Богатырев и Микола-комиссар, оба зеленолицые, протягивают мне холодные руки, шагают навстречу, мнут мои плечи, хлопают по груди. Смеются, что-то говорят.
Потом, когда я немного опомнился, Богатырев встряхивает меня, тычет в руки лопату:
— Наколдуй, Сань, белого огонька, качни водички, продуй краны!..
ГЛАВА ОДИННАДЦАТАЯ
Бронепоезд бежит по рельсам Восточной Бухары. Нас перебросили с польского фронта на ликвидацию банд басмачей. Они наводняют эту страну, похожую сейчас на пустыню. Мы не видим вспаханных полей, не встречаем верблюдов, бараньих отар. Мимо нас мелькают развороченные арыки, разрушенные каналы оросительной системы.
Мы лежим в пульмане около пулеметной бойницы.
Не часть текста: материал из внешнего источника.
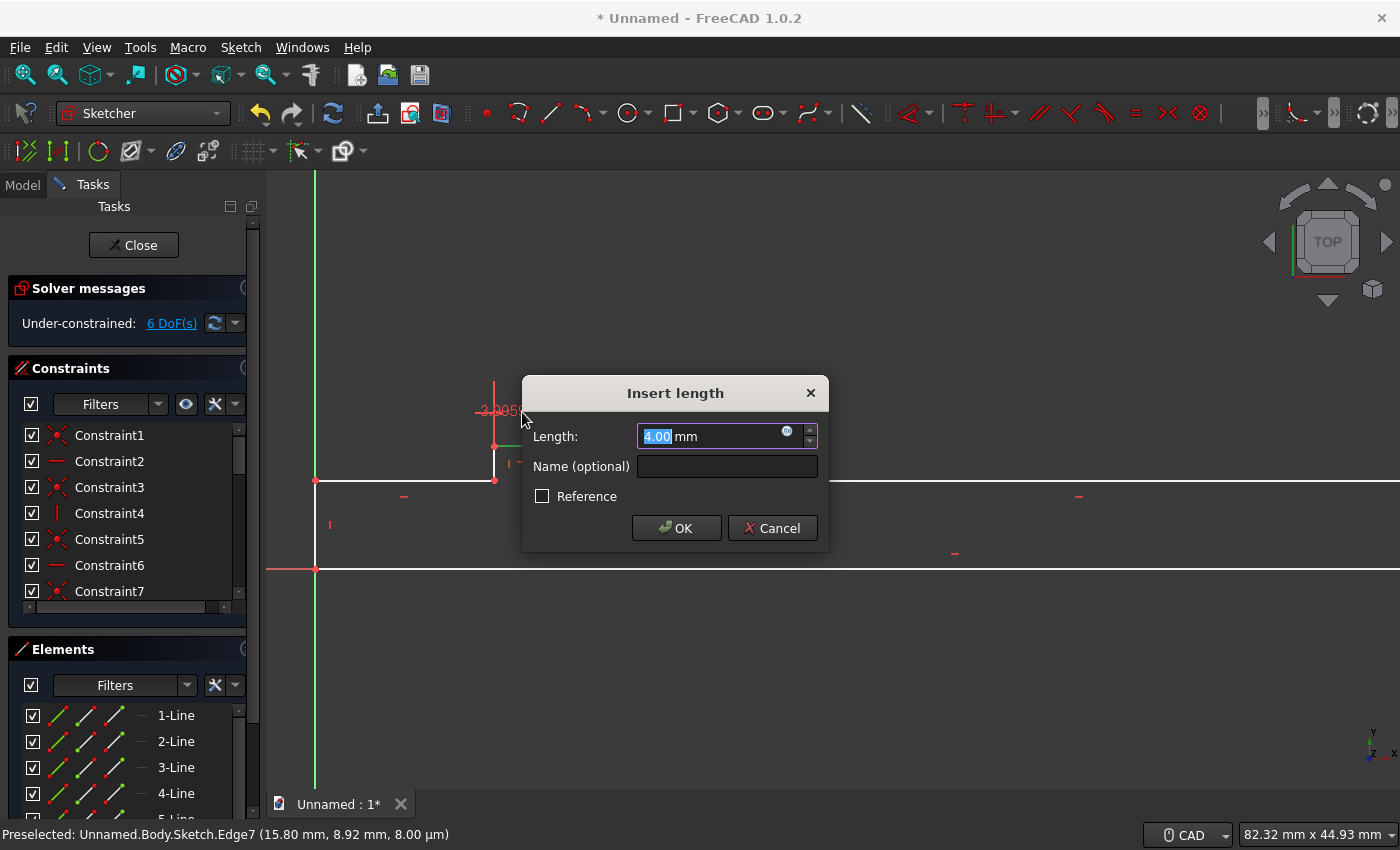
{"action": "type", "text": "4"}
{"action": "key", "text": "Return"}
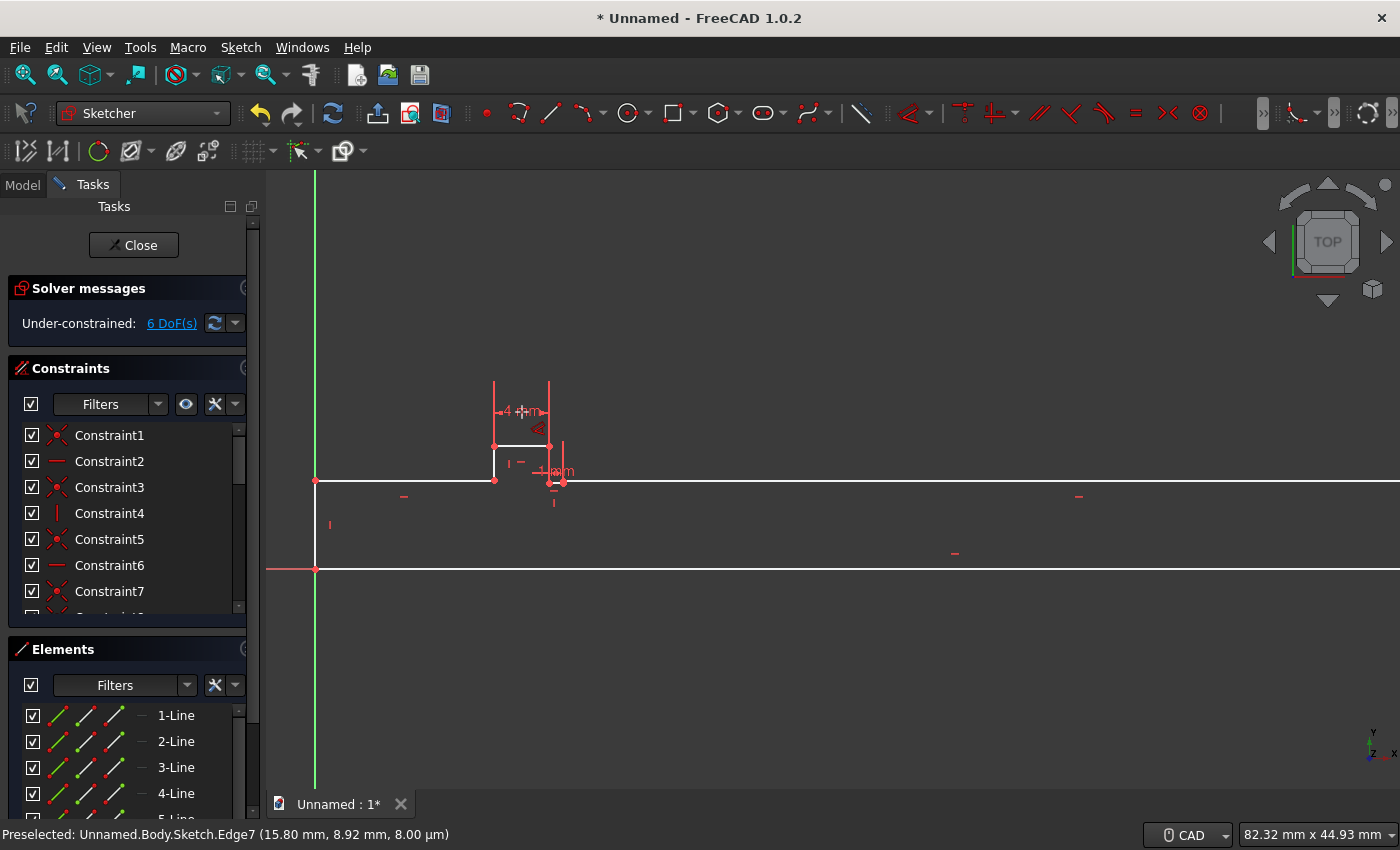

Отдыхаем от смены с бритоголовым красноармейцем Федоровым, первым помощником машиниста. Вторым считаюсь я.
Он тоскливо смотрит в бойницу на печальные поля. Быстро отворачивается, тяжело вздыхает и жалуется:
— Сань, поди, в наших тамбовских краях сейчас ужасти от антоновских банд. — Он кивает на голую степь и тихо спрашивает:— А чем же народ питаться станет? Кушать что будет? У, гады...
Вскакивает, жадно пьет воду, всплескивает руками над головой, обнимает широкий, гладкий лоб и падает на пулеметные чехлы. Лежит долго молча, перекатывая острые лопатки под туго обтянувшей крепкую спину гимнастеркой. Потом обнимает меня и шепчет:
— В деревне жинка... трое ребятишек, корова. Пять лет не видамши. Весна вот, сеять надо, а некому. Эх!..
Мне не жаль Федорова, непонятна его тоска. Я вытянулся всем телом, расстегнул рубашку и подставил ветру грудь.
Никогда не пахать мне и не сеять. Всю жизнь вот так проживу — на бронепоезде, перелетая из города в город, из края в край, из страны в страну. Подумать только — вчера мы были в Европе, а сегодня в Азии. Говорят, где-то совсем рядом чужие страны: Китай, какой-то Афганистан. А если перевалить горы, то попадешь в Индию! Индия!.. Гарбуз рассказывал, что там по три урожая в год созревает, и все-таки люди бедные. Много их, индусов, и все малохлебные, худые, все хотят воли. Может, и там, за горами, заалеет скоро знамя свободы, может, и там будет свой бронепоезд «Индийский пролетарий».